L’UA est entrée dans une phase de réformes fondamentales. Dans quels buts ?
L’objectif est de réformer l’UA, financièrement et institutionnellement, afin qu’elle dispose des moyens nécessaires pour atteindre les objectifs fixés dans l’Agenda 2063 tel qu’il a été adopté lors de notre sommet de 2015. La question du financement est primordiale. Toute organisation digne de ce nom se doit de financer elle-même son fonctionnement. Nous allons également revoir nos structures et évaluer nos différents organes pour les redimensionner, avec la volonté de nous doter d’instruments efficaces. Cette réforme doit également permettre une meilleure répartition des rôles et des responsabilités entre l’UA et les différentes communautés économiques régionales du continent, qui sont aujourd’hui les piliers de l’intégration continentale. Nous pourrions nous concentrer sur certains grands sujets – comme la paix et la sécurité, les partenariats extérieurs, etc. – et laisser la partie opérationnelle à ces communautés.

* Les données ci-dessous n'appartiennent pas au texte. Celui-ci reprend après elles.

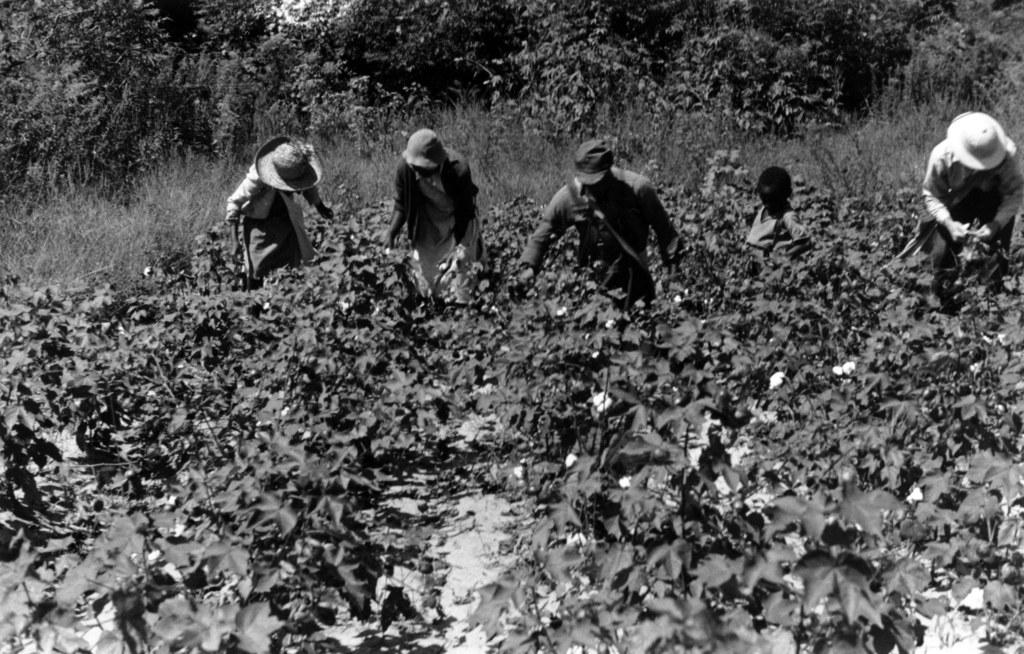What type of vegetation can be seen in the image? There are plants in the image, extending from left to right. Can you describe the people in the image? There are people visible on a path in the image. What can be seen in the background of the image? There are trees in the background of the image. How many geese are visible in the image? There are no geese present in the image. Can you describe the interaction between the people and the deer in the image? There are no deer present in the image. 
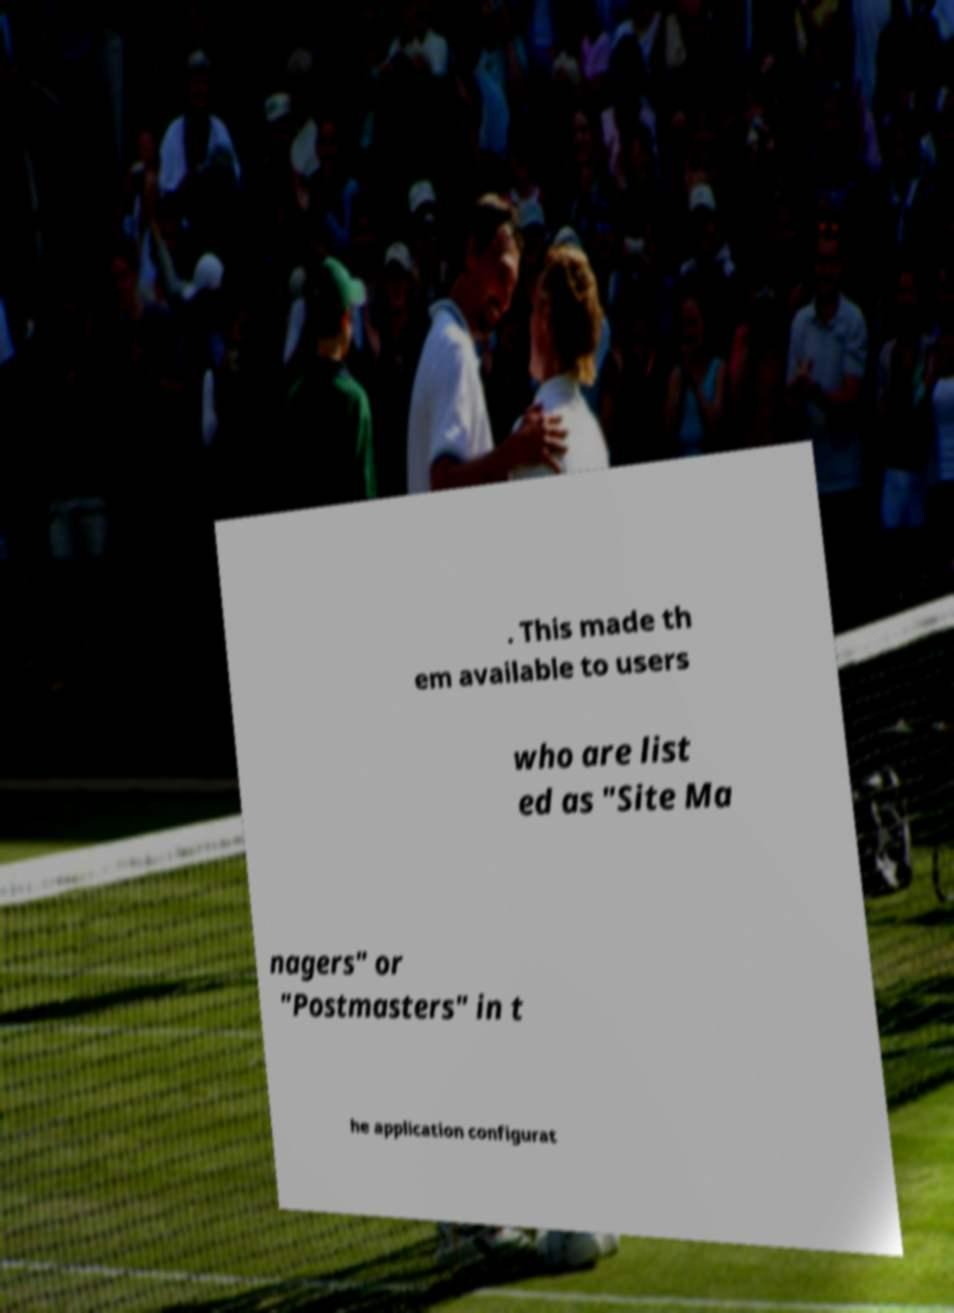I need the written content from this picture converted into text. Can you do that? . This made th em available to users who are list ed as "Site Ma nagers" or "Postmasters" in t he application configurat

L’UA dispose de sa propre architecture en matière de paix et de sécurité, avec des forces militaires africaines en attente dans chaque région
Quel sera le rôle de la Commission à la suite de cette réforme ?
Plus l’intégration du continent devient une réalité, plus la structure chargée de cette intégration prend de l’importance. La Commission doit tenir un rôle de conception, d’impulsion et de coordination. L’Afrique ne peut peser que quand elle parle d’une seule et même voix. Il faut pour cela qu’elle soit mieux intégrée, et surtout en paix. Je constate qu’il y a aujourd’hui un consensus certain à voir l’Afrique coopérer d’égal à égal avec le reste du monde. Je crois que ces réformes peuvent fédérer toutes les énergies africaines autour d’un Agenda 2063 qui reflète parfaitement les ambitions et la vision que s’est fixées le continent.
Le financement de votre organisation dépend pour l’instant de vos partenaires étrangers, à commencer par l’UE, l’un des principaux contributeurs. Comment comptez-vous changer cet état de fait ?
Nous avons décidé de prélever 0,2 % de la valeur des importations africaines. Certains pays appliquent déjà cette directive, qui deviendra obligatoire dès 2018. Nous avons également mis en place un Fonds de la paix, qui doit nous permettre de contribuer à hauteur de 25 % au financement des opérations de maintien de la paix menées sur le continent par les Nations unies. C’est un premier pas dans la prise en charge de notre propre sécurité.
Le G5 Sahel est-il le modèle à suivre pour régler les conflits que connaît l’Afrique ?
Nous savons que les opérations classiques de maintien de la paix ne peuvent plus répondre aux menaces actuelles. L’UA dispose de sa propre architecture en matière de paix et de sécurité, avec des forces militaires africaines en attente dans chaque région. L’initiative du G5 Sahel, prise par les États de la région, est à saluer et nous la soutenons en adoptant son concept pour les futures interventions.